**Exercise aim**
What are the lines, copied exactly, from the one containing "Rendered at 1241 by 1754 pixels." through the last line of the records below, both included?

* * * * * * *

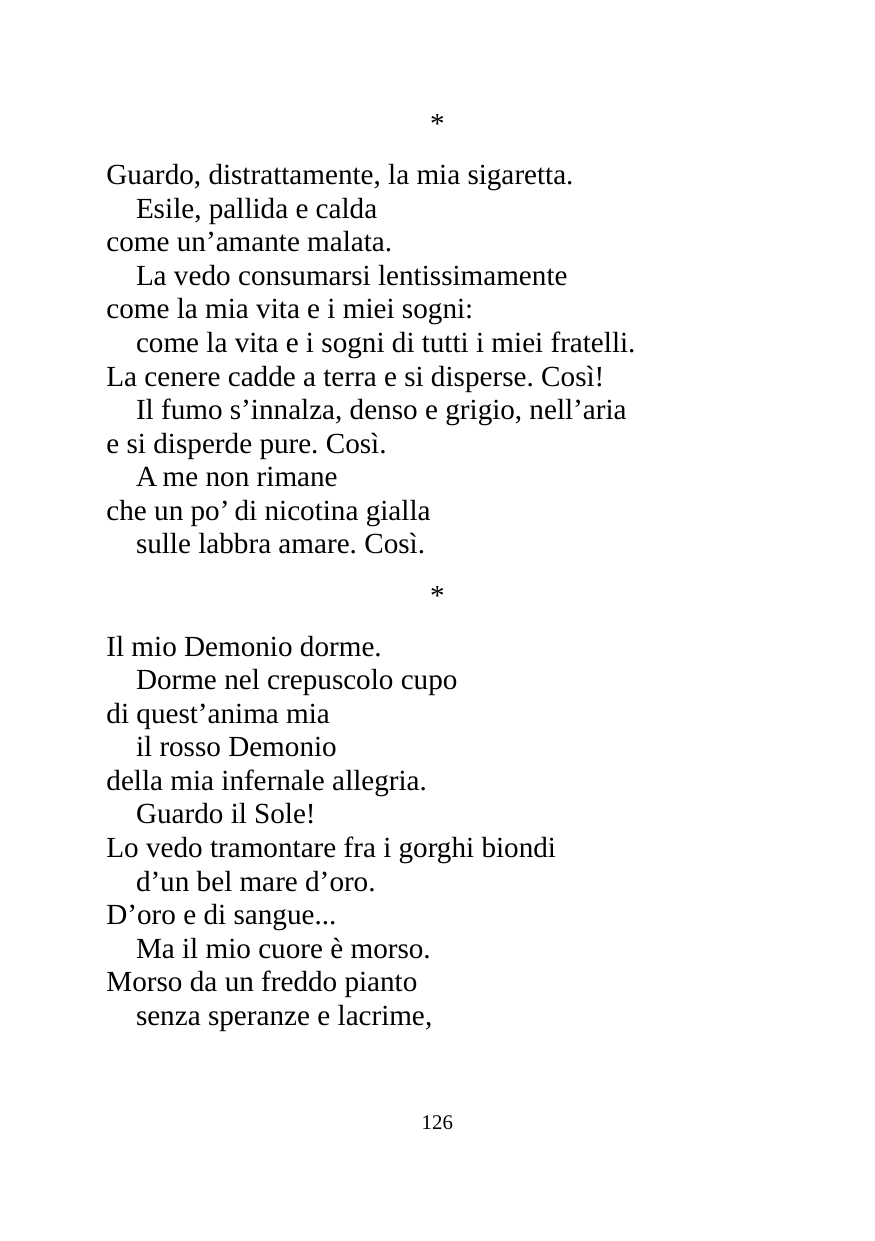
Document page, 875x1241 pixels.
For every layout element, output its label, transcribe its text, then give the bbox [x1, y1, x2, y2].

text Guardo, distrattamente, la mia sigaretta. Esile, pallida e calda [106, 157, 768, 224]
text e si disperde pure. Così. A me non rimane [106, 426, 768, 493]
text che un po’ di nicotina gialla sulle labbra amare. Così. [106, 493, 768, 560]
text * [106, 578, 768, 611]
text D’oro e di sangue... Ma il mio cuore è morso. [106, 897, 768, 964]
text come la mia vita e i miei sogni: come la vita e i sogni di tutti i miei fratelli. [106, 292, 768, 359]
text Lo vedo tramontare fra i gorghi biondi d’un bel mare d’oro. [106, 830, 768, 897]
text * [106, 106, 768, 140]
text La cenere cadde a terra e si disperse. Così! Il fumo s’innalza, denso e grigio, nell’aria [106, 359, 768, 426]
text della mia infernale allegria. Guardo il Sole! [106, 763, 768, 830]
text di quest’anima mia il rosso Demonio [106, 696, 768, 763]
text come un’amante malata. La vedo consumarsi lentissimamente [106, 224, 768, 292]
text Il mio Demonio dorme. Dorme nel crepuscolo cupo [106, 629, 768, 696]
text Morso da un freddo pianto senza speranze e lacrime, [106, 964, 768, 1031]
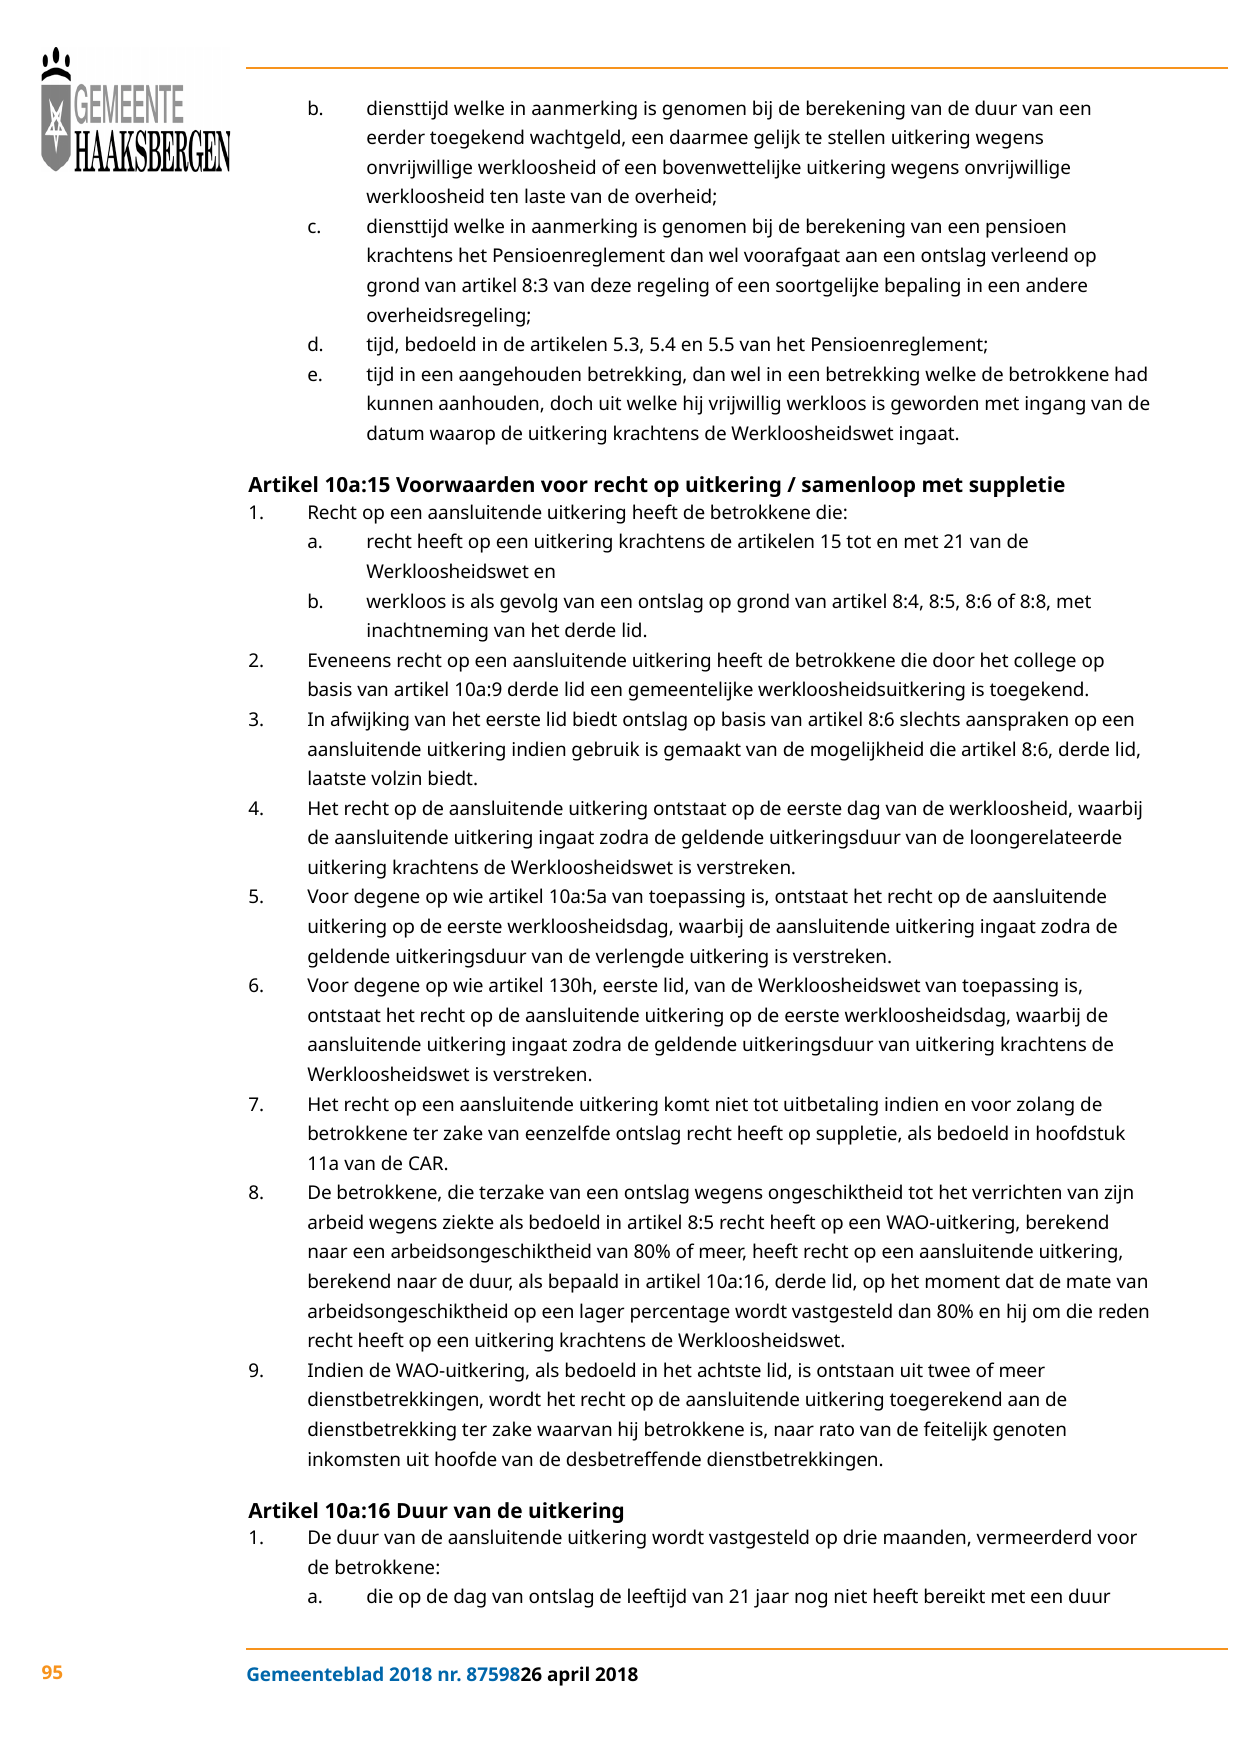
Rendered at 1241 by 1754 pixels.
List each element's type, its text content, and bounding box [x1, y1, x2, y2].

* * * * * * *

**Task solution**
Rendered at 1241 by 1754 pixels.
List each element's type, its text content, and bounding box [x1, y1, x2, y2].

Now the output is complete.